In 2023, it was ranked in the top ten graphic novels by the American Library Association's Graphic Novels and Comics Round Table's "Best Graphic Novels for Adults" list.

Critical reception
Rebecca Silverman of Anime News Network gave the first volume an A−. Silverman praised the concept of Frieren outliving her companions and being forced to live with an understanding of the human world and her own emotions, calling it an "interesting take on the fantasy genre". Silverman, however, commented that the art is not "quite up to the emotional tasks of the story". Richard Eisenbeis from the same website prised the second voulme of the series, saying that it "delivers both emotional tales and deep thematic explorations of human nature". He also described the fourth and fifth volumes of the manga as "an action climax that delivers not only a grand battle but also character-development and world-building. Smaller one-off tales that hit you right in your emotional core".

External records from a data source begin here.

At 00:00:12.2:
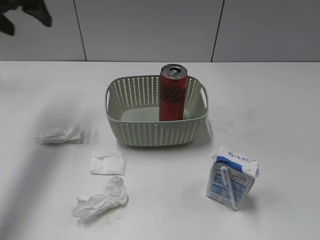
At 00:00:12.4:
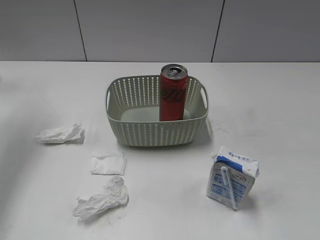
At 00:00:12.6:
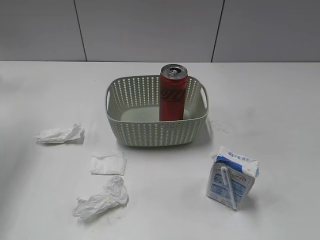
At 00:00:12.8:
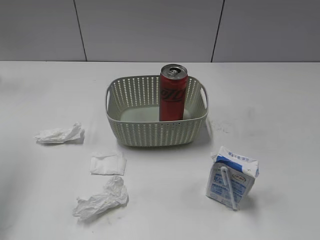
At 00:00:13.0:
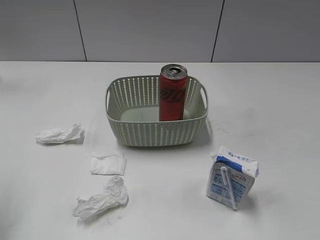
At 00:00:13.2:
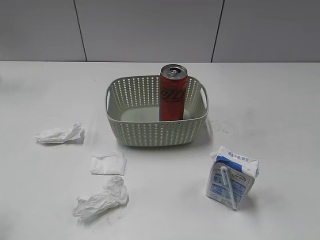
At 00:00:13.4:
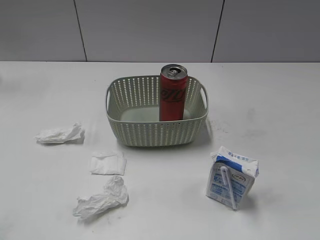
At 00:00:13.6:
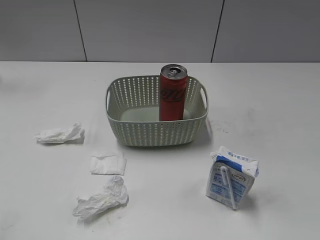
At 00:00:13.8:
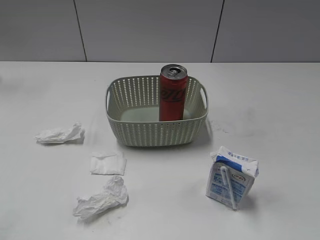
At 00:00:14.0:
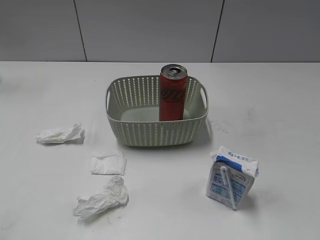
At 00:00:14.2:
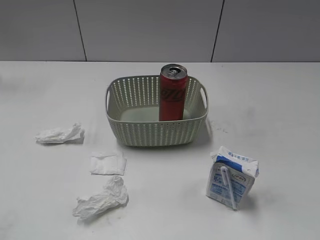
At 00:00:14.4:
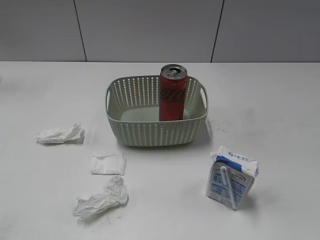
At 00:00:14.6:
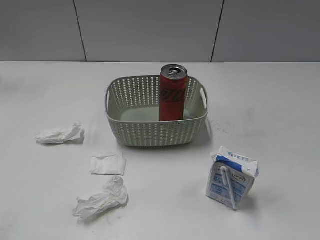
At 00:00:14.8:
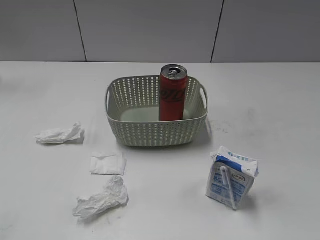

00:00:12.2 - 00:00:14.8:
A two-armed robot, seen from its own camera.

Wolfen Moondaughter of Sequential Tart gave the first volume a 9 out of 10. Moondaughter highlighted the slice of life nature of the story, despite its premise which involves a "D&D-style adventuring party", also praising the interaction between the characters and the art work, concluding: "If you want a break from fight scenes, and want something more serene and contemplative, this book should serve you well! It's also a lovely story of honouring the memory of lost loved ones, and dealing with grief." Sheena McNeil of the same website gave the first volume a 7. McNeil called the concept of "what happens to the party when the quest is over?" interesting, praising as well Frieren's struggling with "becoming less detached" and seeing her experiencing the "lovely poignant moments, bittersweet ones, and happy ones". McNeil also compared the series' pace and feel to Haibane Renmei. The Fandom Post named it the sixth best manga of 2021. They wrote: "Time waits for no man and that line may be overused but that line strikes a chord in this manga. There is always more to discover and Frieren has to learn that lesson as time marches on. It’s a sweet but harsh reminder to enjoy the moment for all its worth."

Awards and nominations

Notes

References

Further reading

External links
  
  
 

2023 anime television series debuts
Adventure anime and manga
Anime series based on manga
Drama anime and manga
Fantasy anime and manga
Madhouse (company)
Manga Taishō
Shogakukan manga
Shōnen manga
Toho Animation
Viz Media manga
Winner of Tezuka Osamu Cultural Prize (New Artist Prize)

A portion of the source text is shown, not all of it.